Pour bouturer un rosier rugueux au mois d’août, suivez ces étapes simples :

  1. Sélection et coupe : Coupez au sécateur une tige tout juste défleurie, longue de 20 à 25 cm, n’ayant pas encore fleuri (ou prélevée sur une pousse latérale).
  2. Préparation de la bouture : Tailler la base de la tige au-dessous d’un œil. La coupe doit être droite. Supprimez les feuilles du bas, ne conservez que les deux feuilles supérieures pour limiter l'évapotranspiration.
  3. Stimulation : Trempez la base de la tige dans une solution aux hormones pour favoriser un enracinement rapide. Bien qu'il soit tout à fait possible de bouturer un rosier sans utiliser d’hormone de bouturage chimique, ces substances peuvent aider.
  4. Mise en terre : Plantez la tige dans un pot profond rempli d’un mélange de terre de jardin et de beaucoup de sable (ou un mélange 1/2 sable et 1/2 terreau léger). Plantez la tige à environ 10 cm de profondeur.
  5. Installation du microclimat : Arrosez généreusement et conservez à l’étouffée (sous un sachet plastique, une cloche ou une bouteille plastique découpée) pendant les 3 premières semaines.

Il faut arroser régulièrement, sans excès, pour garder le substrat humide mais pas détrempé. Un arrosage fin à la base avec un système goutte à goutte permet d’éviter l’excès d’eau. Durant l'hiver, les boutures doivent être installées sous un châssis, avec un arrosage limité au strict minimum. Au printemps, les boutures peuvent être repiquées en pot individuel, dans un substrat léger et bien aéré.

Schéma explicatif montrant la coupe sous l'œil et la mise en pot sous cloche

Alternatives naturelles et astuces de jardinier

Si vous souhaitez éviter les hormones de synthèse, plusieurs solutions naturelles existent :

  • L’infusion de saule : Riche en acide salicylique, elle stimule la croissance des racines. Faites tremper de jeunes rameaux de saule dans de l’eau pendant 24 à 48 h.
  • L’eau de cuisson des lentilles : Le jus de trempage ou de cuisson des légumineuses contient des hormones naturelles de croissance.
  • Le miel pur : Il possède des propriétés antibactériennes et peut légèrement favoriser l’enracinement.
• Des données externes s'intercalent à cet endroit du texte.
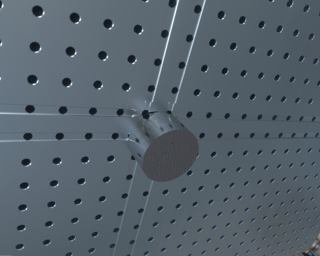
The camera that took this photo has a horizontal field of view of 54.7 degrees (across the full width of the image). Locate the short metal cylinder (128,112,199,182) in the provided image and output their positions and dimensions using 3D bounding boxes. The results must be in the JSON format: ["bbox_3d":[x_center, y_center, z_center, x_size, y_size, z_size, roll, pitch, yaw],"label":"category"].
[{"bbox_3d":[0.004,0.025,0.414,0.081,0.050,0.079,-14,125,-21],"label":"short metal cylinder"}]
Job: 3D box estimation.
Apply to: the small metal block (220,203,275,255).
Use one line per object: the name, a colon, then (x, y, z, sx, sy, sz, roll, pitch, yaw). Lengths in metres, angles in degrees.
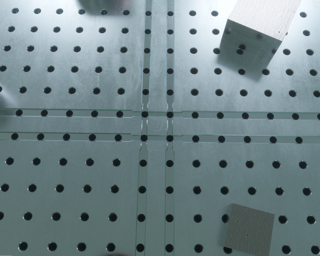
small metal block: (0.104, 0.122, 0.368, 0.050, 0.025, 0.050, 14, 71, 5)

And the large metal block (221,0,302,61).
large metal block: (0.148, -0.158, 0.457, 0.080, 0.050, 0.080, 26, 72, 9)
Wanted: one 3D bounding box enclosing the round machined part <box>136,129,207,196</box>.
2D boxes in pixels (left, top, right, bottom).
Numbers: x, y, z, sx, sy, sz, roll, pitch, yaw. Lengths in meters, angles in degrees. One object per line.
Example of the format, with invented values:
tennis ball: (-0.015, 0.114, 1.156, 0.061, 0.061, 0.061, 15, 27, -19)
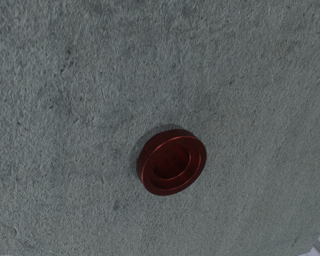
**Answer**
round machined part: (0.012, 0.043, 0.432, 0.099, 0.042, 0.097, -14, 125, -21)
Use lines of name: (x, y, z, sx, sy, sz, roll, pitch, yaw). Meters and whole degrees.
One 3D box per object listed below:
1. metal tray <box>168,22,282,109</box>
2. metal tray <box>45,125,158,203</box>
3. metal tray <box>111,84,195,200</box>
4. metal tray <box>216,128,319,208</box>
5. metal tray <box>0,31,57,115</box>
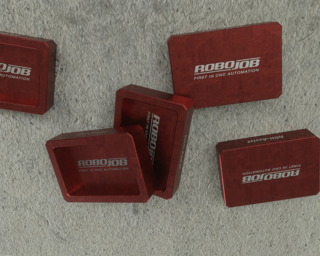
metal tray: (0.079, -0.075, 0.380, 0.131, 0.030, 0.089, -7, 110, 2)
metal tray: (-0.075, 0.048, 0.395, 0.130, 0.030, 0.089, -6, 106, 25)
metal tray: (-0.014, 0.018, 0.392, 0.090, 0.030, 0.129, 16, 114, 17)
metal tray: (0.149, 0.056, 0.429, 0.131, 0.030, 0.089, -9, 110, 3)
metal tray: (-0.198, -0.071, 0.378, 0.131, 0.030, 0.089, 9, 110, -4)
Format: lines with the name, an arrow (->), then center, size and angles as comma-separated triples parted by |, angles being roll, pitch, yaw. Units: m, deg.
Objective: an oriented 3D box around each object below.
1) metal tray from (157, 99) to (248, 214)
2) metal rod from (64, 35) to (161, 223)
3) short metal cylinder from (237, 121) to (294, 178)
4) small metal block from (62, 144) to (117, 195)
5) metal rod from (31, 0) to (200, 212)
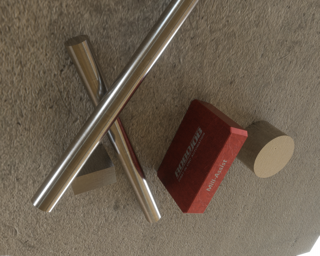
metal tray -> 0.051, 0.038, 0.417 | 0.030, 0.090, 0.129 | 13, 112, -34
metal rod -> -0.047, 0.026, 0.398 | 0.025, 0.025, 0.299 | -27, 128, -12
short metal cylinder -> 0.170, 0.034, 0.508 | 0.081, 0.050, 0.079 | -14, 125, -21
small metal block -> -0.086, 0.049, 0.375 | 0.050, 0.050, 0.025 | -15, 125, -21
metal rod -> -0.040, -0.041, 0.331 | 0.025, 0.025, 0.299 | 36, 89, -39
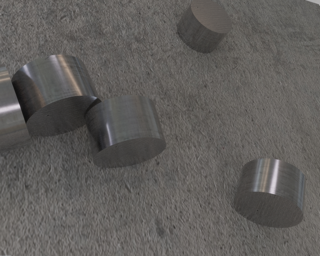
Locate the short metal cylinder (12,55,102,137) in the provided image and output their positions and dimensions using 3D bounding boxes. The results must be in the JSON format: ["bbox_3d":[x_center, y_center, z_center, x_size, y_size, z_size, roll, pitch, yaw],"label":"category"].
[{"bbox_3d":[-0.109,-0.032,0.330,0.081,0.080,0.050,-15,70,-34],"label":"short metal cylinder"}]

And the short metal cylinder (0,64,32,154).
[{"bbox_3d":[-0.158,-0.015,0.287,0.050,0.080,0.080,-19,72,-24],"label":"short metal cylinder"}]

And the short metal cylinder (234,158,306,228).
[{"bbox_3d":[0.139,0.083,0.392,0.080,0.080,0.050,32,52,-8],"label":"short metal cylinder"}]

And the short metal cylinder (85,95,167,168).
[{"bbox_3d":[-0.038,0.006,0.344,0.081,0.080,0.050,-2,63,-29],"label":"short metal cylinder"}]

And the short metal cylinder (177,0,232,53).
[{"bbox_3d":[0.076,-0.177,0.537,0.081,0.050,0.080,14,56,-21],"label":"short metal cylinder"}]

Quant à l'astuce consistant à planter une bouture dans une pomme de terre, bien qu'elle soit virale, les résultats sont mitigés. La pomme de terre maintient une source constante d’humidité et fournit des nutriments, ce qui peut fonctionner dans des conditions bien maîtrisées, mais elle est surtout intéressante comme expérience ludique ou pédagogique.

Conditions de culture et entretien du jeune rosier

Le Rosa rugosa aime les emplacements ensoleillés et les sols bien drainés. Il se développe très bien dans un sol frais et s'accommode de terres pauvres, bien que ses fleurs soient d'autant plus belles que la terre sera riche. Pour la plantation, faites un trou dans une terre ameublie à 25 centimètres de profondeur, placez la plante, rebouchez à l’aide d’une terre riche, et arrosez de manière généreuse.

Si vous ne disposez pas d’un jardin, il est tout à fait possible de cultiver un rosier en pot sur un balcon ou une terrasse. Choisissez un pot d’au moins 30 cm de haut et 30 à 40 cm de diamètre, bien drainé. Mélangez du terreau pour rosiers avec un peu de compost et du sable. Un rosier en pot appréciera un balcon ensoleillé au moins 5 à 6 heures par jour.

La taille du Rosa rugosa ne se fait pas systématiquement chaque année. En mars, il suffit d’éliminer les rameaux abîmés et les plus vieilles branches. Rabattez légèrement pour remettre en forme votre rosier. Cette taille de nettoyage et d’harmonisation, réalisée de préférence à la fin de l’hiver pour ne pas affaiblir la plante, permet de conserver un joli port. Avec un minimum de soin, votre rosier rugueux prospérera et vous gratifiera de ses fleurs parfumées et de ses précieux cynorhodons.